In 2003, amidst my career as a classical musician, I developed a universal theory of music. I set out to discover why humans have an emotional response to music and found that it’s tied to the sounds we heard when our brains are developing. For example, it’s because we heard our mother’s pulse in the womb that we like drums in our music; the sound intrigues us because it evokes heartbeats. It’s no coincidence that our mother’s resting heart rate is almost exactly the same pace as music we find relaxing….  If my ideas about the universal nature of music were correct, I figured I should be able to write songs that affect other species by taking into account the sounds they hear when their brains are developing. My first project was composing music for monkeys. Because of their high-pitched voices and fast pulse, I wrote songs at higher pitch and with a faster pace than human music. To test the music, I teamed up with University of Wisconsin psychology professor Charles Snowdon and played those two songs for cotton-top tamarins. It worked! They relaxed for the tranquil tunes and jumped around during the heavy metal music. The scientific community took notice and my theory was published by the Royal Society as well as Oxford University Press.

Teie subsequently studied how cats responded to music based on the sounds, pitches, and rhythms to which their brains are tuned developmentally. With a brain only a small fraction of the size at birth of what it will be at 10 weeks, felines establish their sense of music through the sounds heard after they’re born, such as suckling for milk or their mother’s purr or the chirping of birds. Teie’s music for cats uses natural vocalizations and matches them to a cat’s frequency range and highly sensitive auditory capabilities (cats use 25 percent of their brains to support hearing functions, compared to only 3 percent of the human brain). The cats in Teie’s study responded positively to the music composed for them, while remaining indifferent to human music. “The results were clear. For the first time in history, we’d created real animal music.” In 2009, the New York Times hailed Teie’s species-specific music for cats as the #1 idea of the year.

In 2015, Teie launched his Music for Cats Kickstarter, with the goal of raising $20,000 to support the costs of composing, recording, and packaging an album of music specifically created for cats. As he noted at the time, music-creation software and hardware was designed for human listeners.
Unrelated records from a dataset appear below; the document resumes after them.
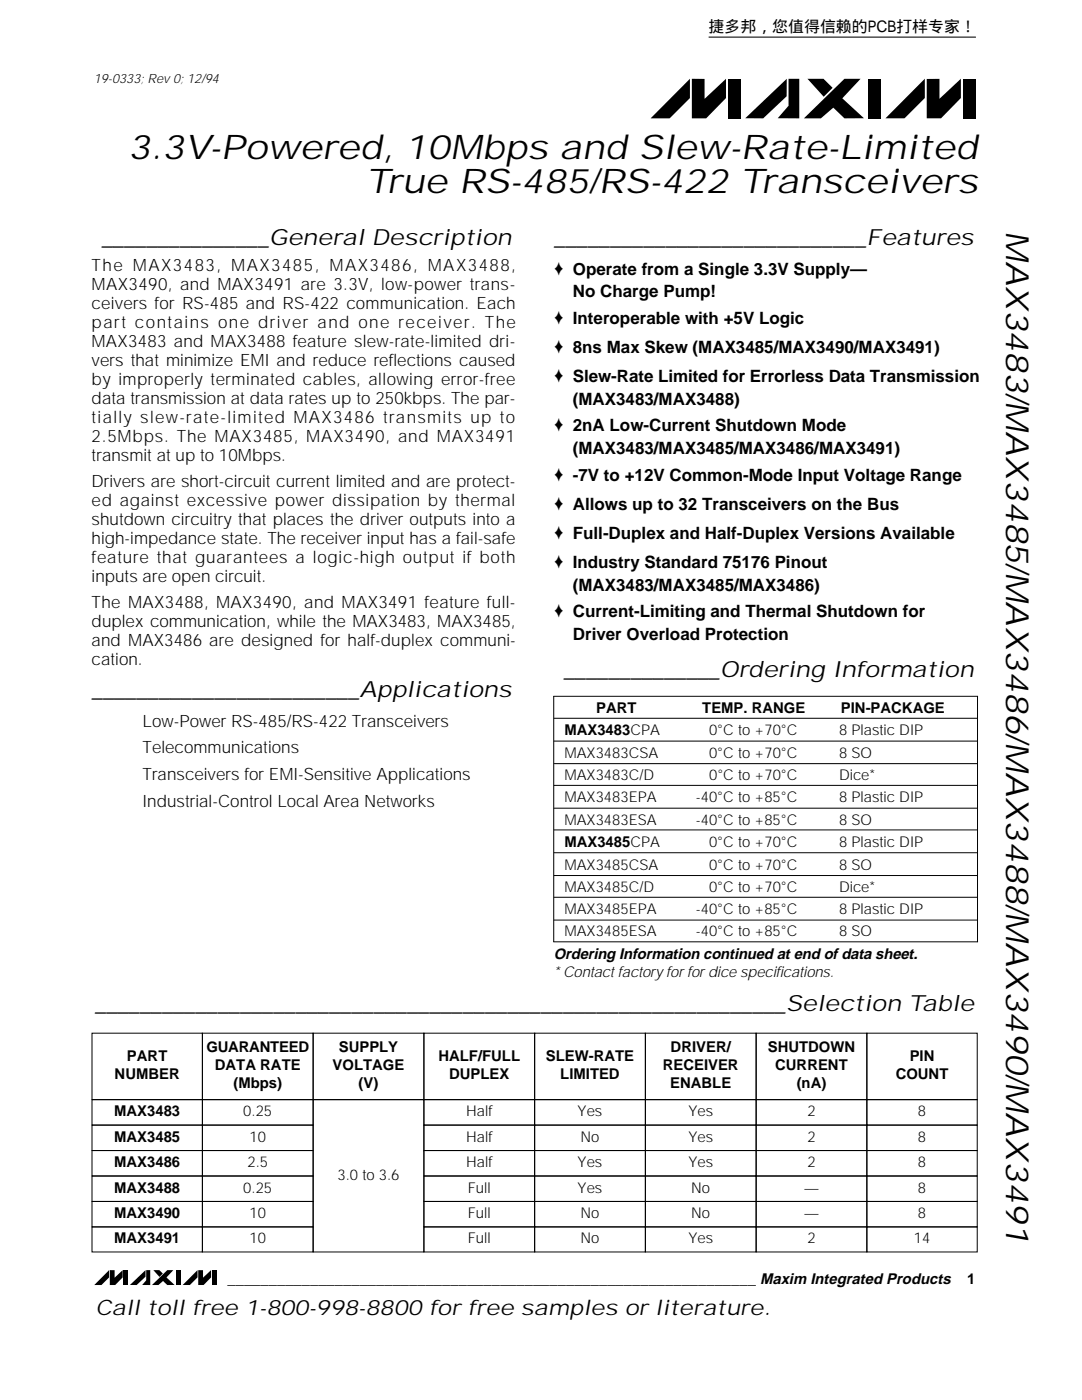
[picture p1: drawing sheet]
<svg xmlns="http://www.w3.org/2000/svg" width="216mm" height="279mm" viewBox="0 0 216 279" stroke-linecap="round" stroke-linejoin="round" font-family="sans-serif">
<defs><g id="words">
<g font-size="6.9">
<text x="25.6" y="31.7">3.3V-Powered, 10Mbps and Slew-Rate-Limited</text>
<text x="73" y="38.5">True RS-485/RS-422 Transceivers</text>
</g>
<text font-size="6.4" x="200.7" y="46.1" transform="rotate(90 200.7 46.1)">MAX3483/MAX3485/MAX3486/MAX3488/MAX3490/MAX3491</text>
<g font-size="4.5">
<text x="20.4" y="48.9">_______________General Description</text>
<text x="110.7" y="48.9">____________________________Features</text>
<text x="112.6" y="135.1">______________Ordering Information</text>
<text x="18.4" y="139.2">________________________Applications</text>
<text x="19.1" y="201.7">______________________________________________________________Selection Table</text>
</g>
<text font-size="4.3" x="19" y="262.4">Call toll free 1-800-998-8800 for free samples or literature.</text>
<g font-size="3.4">
<text x="18.3" y="54">The MAX3483, MAX3485, MAX3486, MAX3488,</text>
<text x="18.3" y="57.8">MAX3490, and MAX3491 are 3.3V, low-power trans-</text>
<text x="110.5" y="54.8">♦ Operate from a Single 3.3V Supply—</text>
<text x="114.3" y="59.3">No Charge Pump!</text>
<text x="18.3" y="61.6">ceivers for RS-485 and RS-422 communication. Each</text>
<text x="18.3" y="65.4">part contains one driver and one receiver. The</text>
<text x="110.5" y="64.7">♦ Interoperable with +5V Logic</text>
<text x="18.3" y="69.2">MAX3483 and MAX3488 feature slew-rate-limited dri-</text>
<text x="110.5" y="70.5">♦ 8ns Max Skew (MAX3485/MAX3490/MAX3491)</text>
<text x="18.3" y="73.1">vers that minimize EMI and reduce reflections caused</text>
<text x="18.3" y="76.9">by improperly terminated cables, allowing error-free</text>
<text x="110.5" y="76.3">♦ Slew-Rate Limited for Errorless Data Transmission</text>
<text x="18.3" y="80.7">data transmission at data rates up to 250kbps. The par-</text>
<text x="114.3" y="80.8">(MAX3483/MAX3488)</text>
<text x="18.3" y="84.5">tially slew-rate-limited MAX3486 transmits up to</text>
<text x="18.3" y="88.3">2.5Mbps. The MAX3485, MAX3490, and MAX3491</text>
<text x="110.5" y="86.1">♦ 2nA Low-Current Shutdown Mode</text>
<text x="18.3" y="92.1">transmit at up to 10Mbps.</text>
<text x="110.5" y="96">♦ -7V to +12V Common-Mode Input Voltage Range</text>
<text x="114.3" y="90.6">(MAX3483/MAX3485/MAX3486/MAX3491)</text>
<text x="18.3" y="97.2">Drivers are short-circuit current limited and are protect-</text>
<text x="18.3" y="101">ed against excessive power dissipation by thermal</text>
<text x="110.5" y="101.8">♦ Allows up to 32 Transceivers on the Bus</text>
<text x="18.3" y="104.8">shutdown circuitry that places the driver outputs into a</text>
<text x="110.5" y="107.6">♦ Full-Duplex and Half-Duplex Versions Available</text>
<text x="18.3" y="108.6">high-impedance state. The receiver input has a fail-safe</text>
<text x="18.3" y="112.4">feature that guarantees a logic-high output if both</text>
<text x="110.5" y="113.4">♦ Industry Standard 75176 Pinout</text>
<text x="18.3" y="116.2">inputs are open circuit.</text>
<text x="114.3" y="117.9">(MAX3483/MAX3485/MAX3486)</text>
<text x="18.3" y="121.3">The MAX3488, MAX3490, and MAX3491 feature full-</text>
<text x="18.3" y="125.1">duplex communication, while the MAX3483, MAX3485,</text>
<text x="110.5" y="123.2">♦ Current-Limiting and Thermal Shutdown for</text>
<text x="18.3" y="128.9">and MAX3486 are designed for half-duplex communi-</text>
<text x="114.3" y="127.8">Driver Overload Protection</text>
<text x="18.3" y="132.7">cation.</text>
<text x="28.4" y="145">Low-Power RS-485/RS-422 Transceivers</text>
<text x="28.4" y="150.3">Telecommunications</text>
<text x="28.4" y="155.7">Transceivers for EMI-Sensitive Applications</text>
<text x="28.4" y="161">Industrial-Control Local Area Networks</text>
</g>
<text font-size="3.2" x="141.4" y="6.4">捷多邦，您值得信赖的PCB打样专家！</text>
<g font-size="3">
<text x="119" y="142.2">PART</text>
<text x="140.1" y="142.2">TEMP. RANGE</text>
<text x="167.8" y="142.2">PIN-PACKAGE</text>
<text x="112.6" y="146.7">MAX3483CPA</text>
<text x="141.5" y="146.7">0°C to +70°C</text>
<text x="167.4" y="146.7">8 Plastic DIP</text>
<text x="112.6" y="151.2">MAX3483CSA</text>
<text x="112.6" y="155.7">MAX3483C/D</text>
<text x="141.5" y="151.2">0°C to +70°C</text>
<text x="141.5" y="155.7">0°C to +70°C</text>
<text x="167.4" y="151.2">8 SO</text>
<text x="167.4" y="155.7">Dice*</text>
<text x="112.6" y="160.1">MAX3483EPA</text>
<text x="138.8" y="160.1">-40°C to +85°C</text>
<text x="167.4" y="160.1">8 Plastic DIP</text>
<text x="112.6" y="164.6">MAX3483ESA</text>
<text x="138.8" y="164.6">-40°C to +85°C</text>
<text x="167.4" y="164.6">8 SO</text>
<text x="112.6" y="169">MAX3485CPA</text>
<text x="112.6" y="173.5">MAX3485CSA</text>
<text x="141.5" y="173.5">0°C to +70°C</text>
<text x="141.5" y="169">0°C to +70°C</text>
<text x="167.4" y="169">8 Plastic DIP</text>
<text x="167.4" y="173.5">8 SO</text>
<text x="112.6" y="178">MAX3485C/D</text>
<text x="141.5" y="178">0°C to +70°C</text>
<text x="167.4" y="178">Dice*</text>
<text x="112.6" y="182.4">MAX3485EPA</text>
<text x="138.8" y="182.4">-40°C to +85°C</text>
<text x="167.4" y="182.4">8 Plastic DIP</text>
<text x="110.5" y="191.4">Ordering Information continued at end of data sheet.</text>
<text x="112.6" y="186.9">MAX3485ESA</text>
<text x="138.8" y="186.9">-40°C to +85°C</text>
<text x="167.4" y="186.9">8 SO</text>
<text x="110.5" y="195">* Contact factory for for dice specifications.</text>
<text x="22.9" y="215.4">NUMBER</text>
<text x="25.3" y="211.8">PART</text>
<text x="41.2" y="210">GUARANTEED</text>
<text x="42.9" y="213.6">DATA RATE</text>
<text x="66.4" y="213.6">VOLTAGE</text>
<text x="67.6" y="210">SUPPLY</text>
<text x="87.5" y="211.8">HALF/FULL</text>
<text x="89.6" y="215.4">DUPLEX</text>
<text x="108.9" y="211.8">SLEW-RATE</text>
<text x="111.8" y="215.4">LIMITED</text>
<text x="132.3" y="213.6">RECEIVER</text>
<text x="133.8" y="210">DRIVER/</text>
<text x="153.2" y="210">SHUTDOWN</text>
<text x="154.7" y="213.6">CURRENT</text>
<text x="178.7" y="215.4">COUNT</text>
<text x="181.5" y="211.8">PIN</text>
<text x="46.6" y="217.1">(Mbps)</text>
<text x="71.6" y="217.1">(V)</text>
<text x="133.7" y="217.1">ENABLE</text>
<text x="159" y="217.1">(nA)</text>
<text x="22.8" y="222.8">MAX3483</text>
<text x="22.8" y="227.8">MAX3485</text>
<text x="48.6" y="222.8">0.25</text>
<text x="49.8" y="227.8">10</text>
<text x="93" y="222.8">Half</text>
<text x="93" y="227.8">Half</text>
<text x="115.3" y="222.8">Yes</text>
<text x="115.8" y="227.8">No</text>
<text x="137.4" y="222.8">Yes</text>
<text x="137.4" y="227.8">Yes</text>
<text x="161.1" y="222.8">2</text>
<text x="161.1" y="227.8">2</text>
<text x="183.2" y="222.8">8</text>
<text x="183.2" y="227.8">8</text>
<text x="22.8" y="232.9">MAX3486</text>
<text x="49.4" y="232.9">2.5</text>
<text x="93" y="232.9">Half</text>
<text x="115.3" y="232.9">Yes</text>
<text x="137.4" y="232.9">Yes</text>
<text x="161.1" y="232.9">2</text>
<text x="183.2" y="232.9">8</text>
<text x="22.8" y="238">MAX3488</text>
<text x="48.6" y="238">0.25</text>
<text x="67.4" y="235.4">3.0 to 3.6</text>
<text x="93.3" y="238">Full</text>
<text x="115.3" y="238">Yes</text>
<text x="137.9" y="238">No</text>
<text x="160.4" y="238">—</text>
<text x="183.2" y="238">8</text>
<text x="22.8" y="243.1">MAX3490</text>
<text x="49.8" y="243.1">10</text>
<text x="93.3" y="243.1">Full</text>
<text x="115.8" y="243.1">No</text>
<text x="137.9" y="243.1">No</text>
<text x="160.4" y="243.1">—</text>
<text x="183.2" y="243.1">8</text>
<text x="22.8" y="248.1">MAX3491</text>
<text x="49.8" y="248.1">10</text>
<text x="93.3" y="248.1">Full</text>
<text x="115.8" y="248.1">No</text>
<text x="137.4" y="248.1">Yes</text>
<text x="161.1" y="248.1">2</text>
<text x="182.3" y="248.1">14</text>
<text x="45.4" y="256.3">________________________________________________________________ Maxim Integrated Products</text>
<text x="193" y="256.3">1</text>
</g>
<text font-size="2.6" x="18.7" y="16.6">19-0333; Rev 0; 12/94</text>
</g></defs>
<path d="M137.7 15.7v3.9l-4.1 4h-3.8zM138.1 15.7h2.5v4l4.3-4v3.9l-4 4h-2.8zM145.2 15.7h2.6v7.9h-2.6zM161.1 15.7h3.2l1.8 1.8-1.7 1.8zM160.4 23.6l8.1-7.9h3.2l-3.6 3.9 4.3 4h-3.9l-2.2-2.1-2.5 2.1zM173.3 15.7h2.5v7.9h-2.5zM184.5 15.7v3.9l-4 4h-3.8zM184.9 15.8l2.6-.1v4l4.2-4v3.9l-3.9 4h-2.9zM192.1 15.7h2.6v7.9h-2.6zM148.7 23.6l8.3-7.9v3.5l-4.7 4.4zM157.3 15.7h2.2v7.9h-4.3l2.1-2.5z" fill="#000"/>
<path d="M18.6 251.5h26v5.1h-26z" fill-rule="evenodd" fill="#fff"/>
<path d="M21.8 253.5v1.4l-1.6 1.6h-1.4zM21.9 253.5h1v1.5l1.6-1.5v1.4l-1.5 1.6h-1.1zM24.6 253.5h1v3h-1zM25.9 256.4l3.1-2.9v1.3l-1.7 1.7zM29.2 253.5h.8v3l-1.6-.1 .8-.9zM30.6 253.5h1.2l.7 .7-.7 .6zM30.3 256.5l3.1-3h1.2l-1.4 1.4 1.6 1.5-1.4 .1-.9-.8-.9 .8zM35.2 253.5h.9v3h-.9zM39.4 253.5v1.4l-1.5 1.6h-1.4zM39.6 253.5h.9v1.5l1.6-1.5v1.4l-1.5 1.6h-1zM42.3 253.5h.9v3h-.9z" fill="#000"/>
<path d="M110.5 139h84.6v49h-84.6z" fill-rule="evenodd" fill="#fff"/>
<g fill="none" stroke="#000" stroke-width=".2">
<path d="M18.4 206.2h22v13.3h-22zM18.4 219.5h22v5h-22zM40.4 206.2h22.1v13.3h-22.1zM40.4 219.5h22.1v5h-22.1zM62.5 206.2h22.1v13.3h-22.1zM62.5 219.5h22.1v30.4h-22.1zM84.6 206.2h22.1v13.3h-22.1zM84.6 219.5h22.1v5h-22.1zM106.7 206.2h22.1v13.3h-22.1zM106.7 219.5h22.1v5h-22.1zM128.8 206.2h22.1v13.3h-22.1zM128.8 219.5h22.1v5h-22.1z"/>
<path d="M150.9 206.2h22.1v13.3h-22.1zM150.9 219.5h22.1v5h-22.1zM173 206.2h22v13.3h-22zM173 219.5h22v5h-22zM18.4 224.5h22v5.1h-22zM18.4 229.6h22v5.1h-22zM18.4 234.7h22v5.1h-22zM18.4 239.8h22v5.1h-22zM40.4 224.5h22.1v5.1h-22.1zM40.4 229.6h22.1v5.1h-22.1zM40.4 234.7h22.1v5.1h-22.1zM40.4 239.8h22.1v5.1h-22.1z"/>
<path d="M84.6 224.5h22.1v5.1h-22.1zM84.6 229.6h22.1v5.1h-22.1zM84.6 234.7h22.1v5.1h-22.1zM84.6 239.8h22.1v5.1h-22.1zM106.7 224.5h22.1v5.1h-22.1zM106.7 229.6h22.1v5.1h-22.1zM106.7 234.7h22.1v5.1h-22.1zM106.7 239.8h22.1v5.1h-22.1zM128.8 224.5h22.1v5.1h-22.1zM128.8 229.6h22.1v5.1h-22.1zM128.8 234.7h22.1v5.1h-22.1zM128.8 239.8h22.1v5.1h-22.1z"/>
<path d="M150.9 224.5h22.1v5.1h-22.1zM150.9 229.6h22.1v5.1h-22.1zM150.9 234.7h22.1v5.1h-22.1zM150.9 239.8h22.1v5.1h-22.1zM173 224.5h22v5.1h-22zM173 229.6h22v5.1h-22zM173 234.7h22v5.1h-22zM173 239.8h22v5.1h-22zM18.4 244.9h22v5h-22zM40.4 244.9h22.1v5h-22.1zM84.6 244.9h22.1v5h-22.1zM106.7 244.9h22.1v5h-22.1z"/>
<path d="M128.8 244.9h22.1v5h-22.1zM150.9 244.9h22.1v5h-22.1zM173 244.9h22v5h-22z"/>
</g>
<g fill="#fff">
<path d="M110.5 156.8h25v4.5h-25z" fill-rule="evenodd"/>
<path d="M110.5 161.3h25v4.3h-25z" fill-rule="evenodd"/>
<path d="M135.5 161.3h29.8v4.3h-29.8z" fill-rule="evenodd"/>
<path d="M135.5 156.8h29.8v4.5h-29.8z" fill-rule="evenodd"/>
<path d="M165.3 156.8h29.8v4.5h-29.8z" fill-rule="evenodd"/>
<path d="M165.3 161.3h29.8v4.3h-29.8z" fill-rule="evenodd"/>
<path d="M110.5 165.6h25v4.6h-25z" fill-rule="evenodd"/>
<path d="M110.5 170.2h25v4.5h-25z" fill-rule="evenodd"/>
<path d="M110.5 174.7h25v4.4h-25z" fill-rule="evenodd"/>
<path d="M135.5 174.7h29.8v4.4h-29.8z" fill-rule="evenodd"/>
<path d="M135.5 170.2h29.8v4.5h-29.8z" fill-rule="evenodd"/>
<path d="M135.5 165.6h29.8v4.6h-29.8z" fill-rule="evenodd"/>
<path d="M165.3 165.6h29.8v4.6h-29.8z" fill-rule="evenodd"/>
<path d="M165.3 170.2h29.8v4.5h-29.8z" fill-rule="evenodd"/>
<path d="M165.3 174.7h29.8v4.4h-29.8z" fill-rule="evenodd"/>
<path d="M110.5 179.1h25v4.5h-25z" fill-rule="evenodd"/>
<path d="M110.5 183.6h25v4.4h-25z" fill-rule="evenodd"/>
<path d="M135.5 183.6h29.8v4.4h-29.8z" fill-rule="evenodd"/>
<path d="M135.5 179.1h29.8v4.5h-29.8z" fill-rule="evenodd"/>
<path d="M165.3 179.1h29.8v4.5h-29.8z" fill-rule="evenodd"/>
<path d="M165.3 183.6h29.8v4.4h-29.8z" fill-rule="evenodd"/>
</g>
<g fill="none" stroke="#000" stroke-width=".2">
<path d="M110.4 139h84.8M110.5 138.9v49.1M195.1 138.9v49.1M110.5 143.3h84.6M110.5 147.9h84.6M110.5 152.4h84.6M110.5 156.7h84.6M110.5 161.3h84.6M110.5 165.6h84.6M110.5 170.2h84.6M110.5 174.7h84.6M110.5 179.1h84.6"/>
<path d="M110.4 188h84.8M110.5 183.6h84.6"/>
</g>
<path d="M141.4 7.4h53.3" fill="none" stroke="#000" stroke-width=".21"/>
<use href="#words"/>
</svg>

In order to produce the music, Teie needed to modify instruments and use extensive post-recording editing to create the cat-appropriate sounds. In some cases, the sounds were so fast and the frequencies so high that he needed to compose and record the music at 1/3 of the pace and then increase the playback speed, which required him to compose and record 3 minutes of music for every minute of music heard in the song.

Teie’s Kickstarter ended up raising $241,651 from 10,165 pledges, 12 times his initial goal! He released the album for download in March 2016, and as a reward for the singular nature of his achievement, he has recently signed an artist agreement with Universal Records, making his Music for Cats the first music for any species other than human to be available from a major record company.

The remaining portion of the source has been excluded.